▸ Aim of the task
From the entries below, copy out all lines holding "Paths".

Records drawn from a dataset

*** Block opens ***

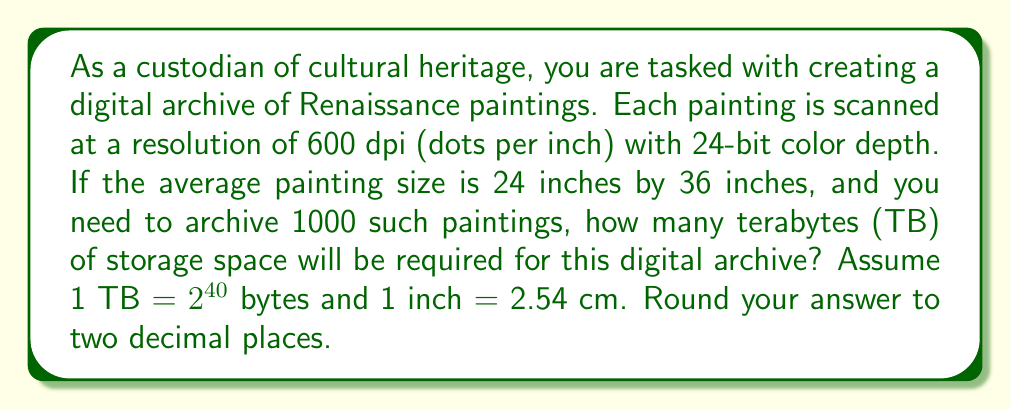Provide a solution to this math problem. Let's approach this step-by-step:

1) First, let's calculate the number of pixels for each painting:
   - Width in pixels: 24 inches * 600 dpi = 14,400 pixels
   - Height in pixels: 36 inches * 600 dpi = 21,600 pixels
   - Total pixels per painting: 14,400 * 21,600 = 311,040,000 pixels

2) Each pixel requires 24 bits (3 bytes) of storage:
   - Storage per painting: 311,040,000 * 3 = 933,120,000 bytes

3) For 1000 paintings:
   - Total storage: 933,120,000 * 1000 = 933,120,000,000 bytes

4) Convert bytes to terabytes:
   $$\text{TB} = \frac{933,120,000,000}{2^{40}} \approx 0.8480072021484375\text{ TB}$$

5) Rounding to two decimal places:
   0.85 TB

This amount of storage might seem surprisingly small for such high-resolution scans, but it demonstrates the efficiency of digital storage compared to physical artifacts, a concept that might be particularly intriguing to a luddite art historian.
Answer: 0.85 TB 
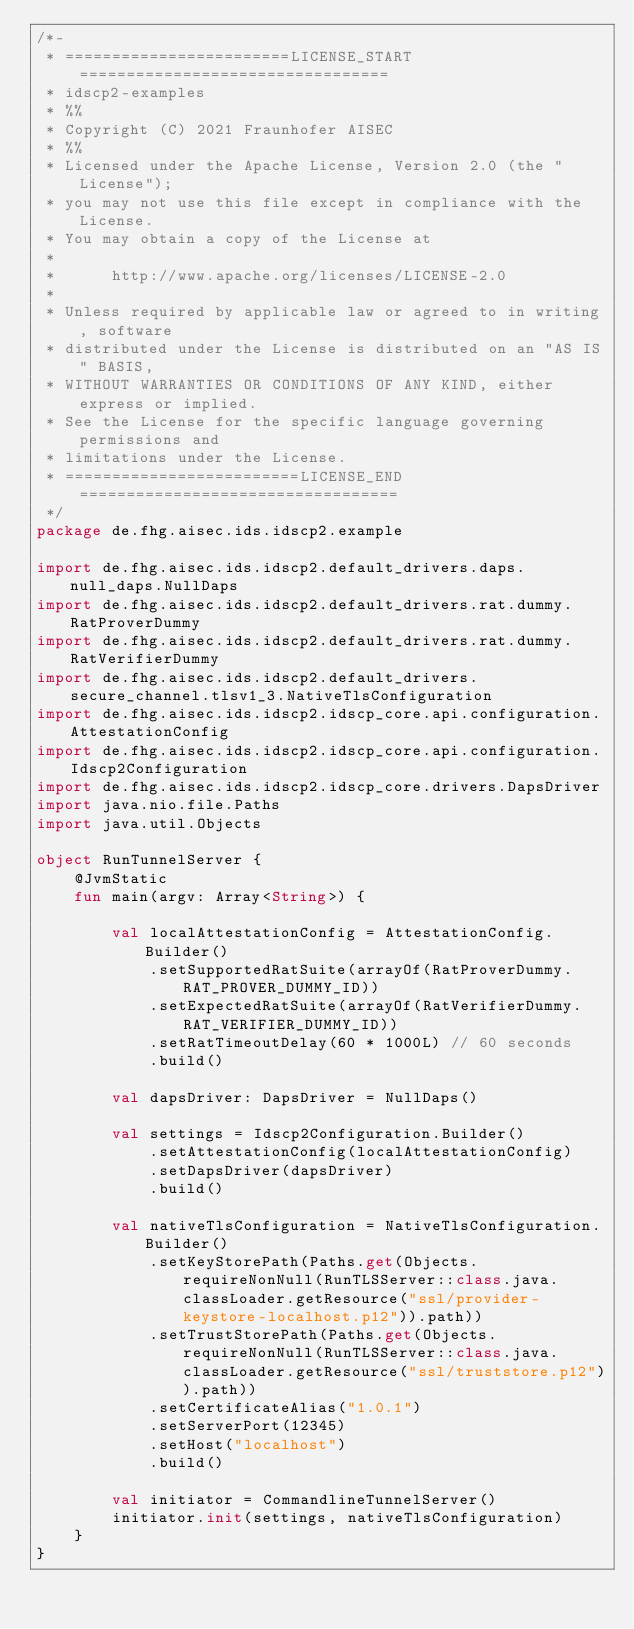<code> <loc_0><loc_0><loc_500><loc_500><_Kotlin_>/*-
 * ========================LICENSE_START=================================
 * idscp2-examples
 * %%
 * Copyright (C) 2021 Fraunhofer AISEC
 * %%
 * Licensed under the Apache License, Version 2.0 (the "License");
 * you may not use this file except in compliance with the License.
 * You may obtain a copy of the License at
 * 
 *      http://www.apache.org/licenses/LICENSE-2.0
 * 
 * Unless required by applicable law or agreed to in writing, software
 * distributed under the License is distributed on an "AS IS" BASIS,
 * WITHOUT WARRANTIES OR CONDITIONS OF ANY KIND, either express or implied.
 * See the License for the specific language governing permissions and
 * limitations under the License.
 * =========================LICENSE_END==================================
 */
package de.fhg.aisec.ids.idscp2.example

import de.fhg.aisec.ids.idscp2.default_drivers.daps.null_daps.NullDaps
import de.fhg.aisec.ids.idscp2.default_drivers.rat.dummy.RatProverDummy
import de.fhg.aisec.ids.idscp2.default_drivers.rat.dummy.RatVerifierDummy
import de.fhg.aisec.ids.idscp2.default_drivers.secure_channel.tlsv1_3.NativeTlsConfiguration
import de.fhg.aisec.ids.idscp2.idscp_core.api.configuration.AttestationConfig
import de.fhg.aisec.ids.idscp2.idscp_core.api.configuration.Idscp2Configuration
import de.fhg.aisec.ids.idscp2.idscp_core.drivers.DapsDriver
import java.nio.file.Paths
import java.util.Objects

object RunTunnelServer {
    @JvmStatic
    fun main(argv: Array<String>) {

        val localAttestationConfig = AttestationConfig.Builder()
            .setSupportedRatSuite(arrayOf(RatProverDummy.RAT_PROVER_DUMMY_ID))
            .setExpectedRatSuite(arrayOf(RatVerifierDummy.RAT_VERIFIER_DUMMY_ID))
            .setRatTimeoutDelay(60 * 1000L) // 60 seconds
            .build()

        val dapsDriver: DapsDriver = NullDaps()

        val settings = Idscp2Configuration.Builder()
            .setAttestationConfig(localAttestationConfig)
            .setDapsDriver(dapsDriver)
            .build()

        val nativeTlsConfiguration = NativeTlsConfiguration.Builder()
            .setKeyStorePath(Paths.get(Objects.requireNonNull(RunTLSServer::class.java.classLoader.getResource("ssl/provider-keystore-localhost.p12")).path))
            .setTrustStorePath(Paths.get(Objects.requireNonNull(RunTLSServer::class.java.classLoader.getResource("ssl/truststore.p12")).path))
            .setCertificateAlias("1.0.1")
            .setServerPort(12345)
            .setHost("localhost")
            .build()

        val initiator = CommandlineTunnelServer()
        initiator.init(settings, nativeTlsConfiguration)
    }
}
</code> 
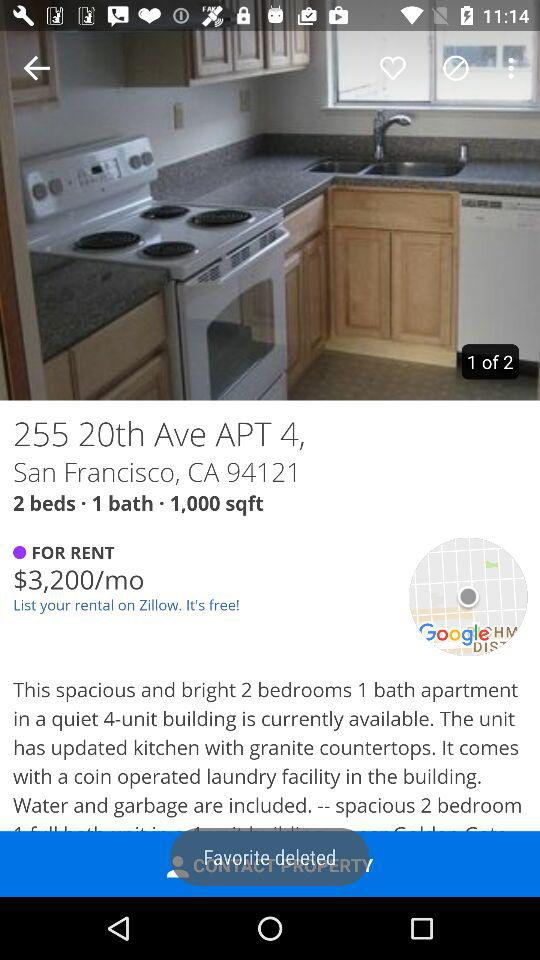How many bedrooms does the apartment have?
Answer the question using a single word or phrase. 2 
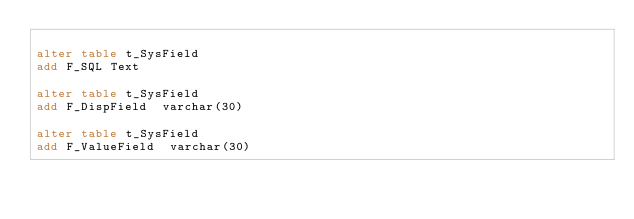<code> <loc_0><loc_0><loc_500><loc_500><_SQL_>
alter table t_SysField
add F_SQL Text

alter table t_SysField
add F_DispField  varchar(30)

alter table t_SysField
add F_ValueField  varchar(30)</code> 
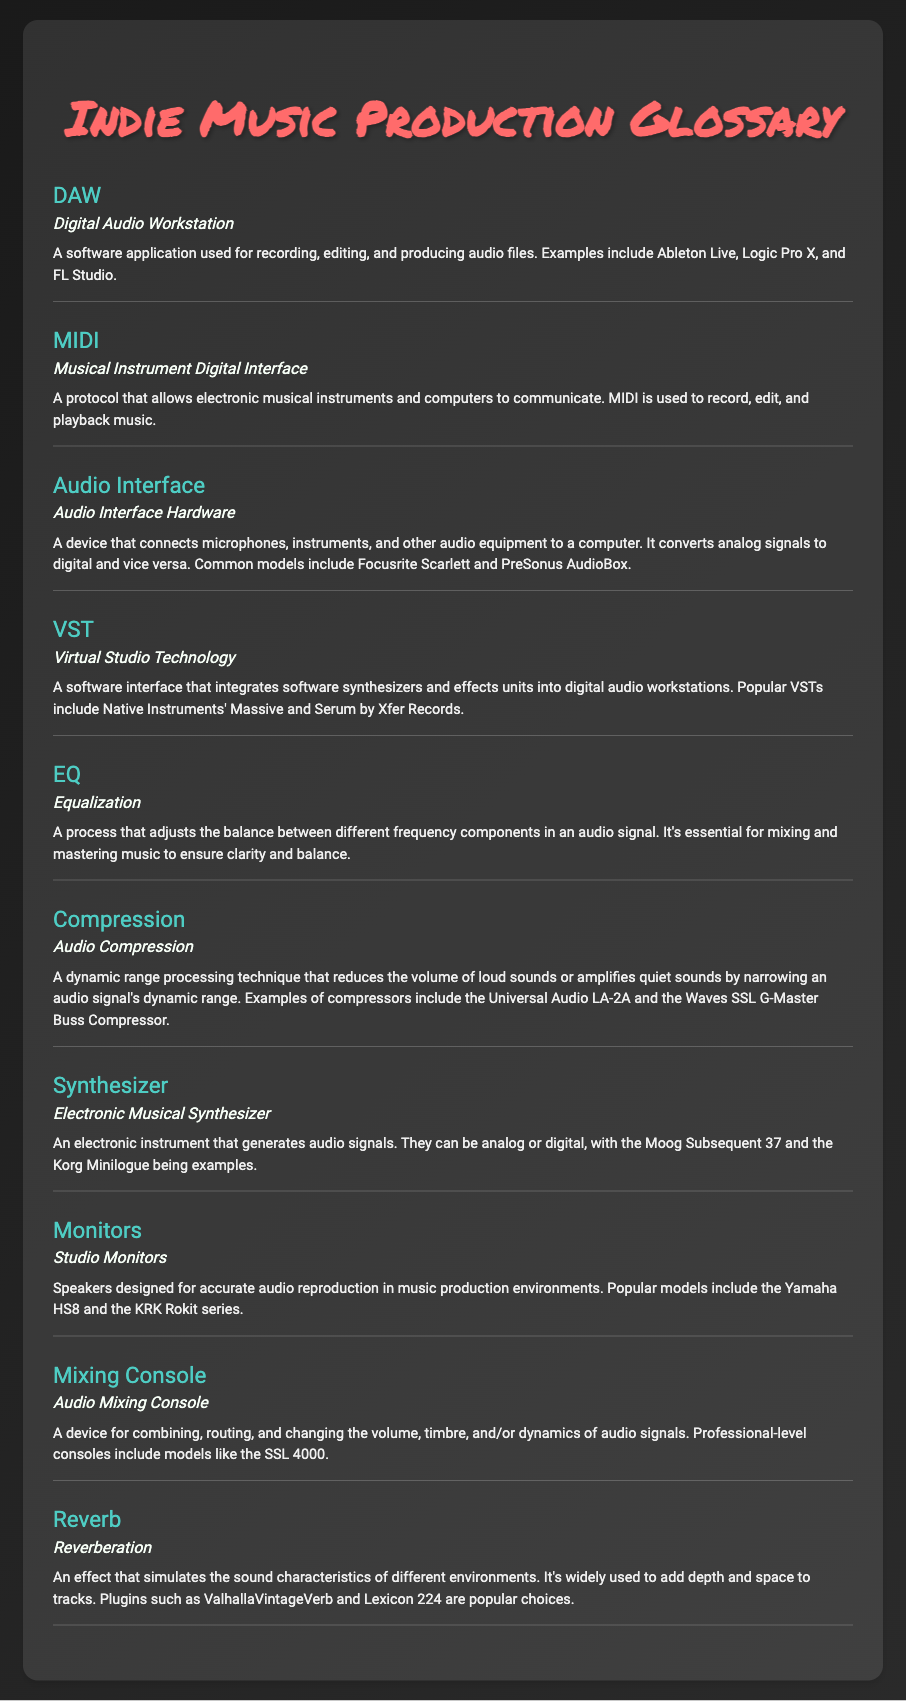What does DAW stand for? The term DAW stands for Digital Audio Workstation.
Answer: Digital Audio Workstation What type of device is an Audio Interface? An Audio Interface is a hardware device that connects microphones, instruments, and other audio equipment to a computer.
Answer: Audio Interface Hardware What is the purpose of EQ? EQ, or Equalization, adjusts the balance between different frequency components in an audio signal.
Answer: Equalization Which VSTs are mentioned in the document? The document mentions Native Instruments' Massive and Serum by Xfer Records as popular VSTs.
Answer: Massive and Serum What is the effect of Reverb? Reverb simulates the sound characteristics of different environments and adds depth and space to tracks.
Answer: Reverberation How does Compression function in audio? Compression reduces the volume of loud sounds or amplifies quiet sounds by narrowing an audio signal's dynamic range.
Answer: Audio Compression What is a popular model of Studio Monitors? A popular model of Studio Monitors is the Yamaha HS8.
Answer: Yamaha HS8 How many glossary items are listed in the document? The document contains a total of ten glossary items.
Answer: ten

*** Block closes ***

▸ Answer to the problem
import java.nio.file.Paths
            .setKeyStorePath(Paths.get(Objects.requireNonNull(RunTLSServer::class.java.classLoader.getResource("ssl/provider-keystore-localhost.p12")).path))
            .setTrustStorePath(Paths.get(Objects.requireNonNull(RunTLSServer::class.java.classLoader.getResource("ssl/truststore.p12")).path))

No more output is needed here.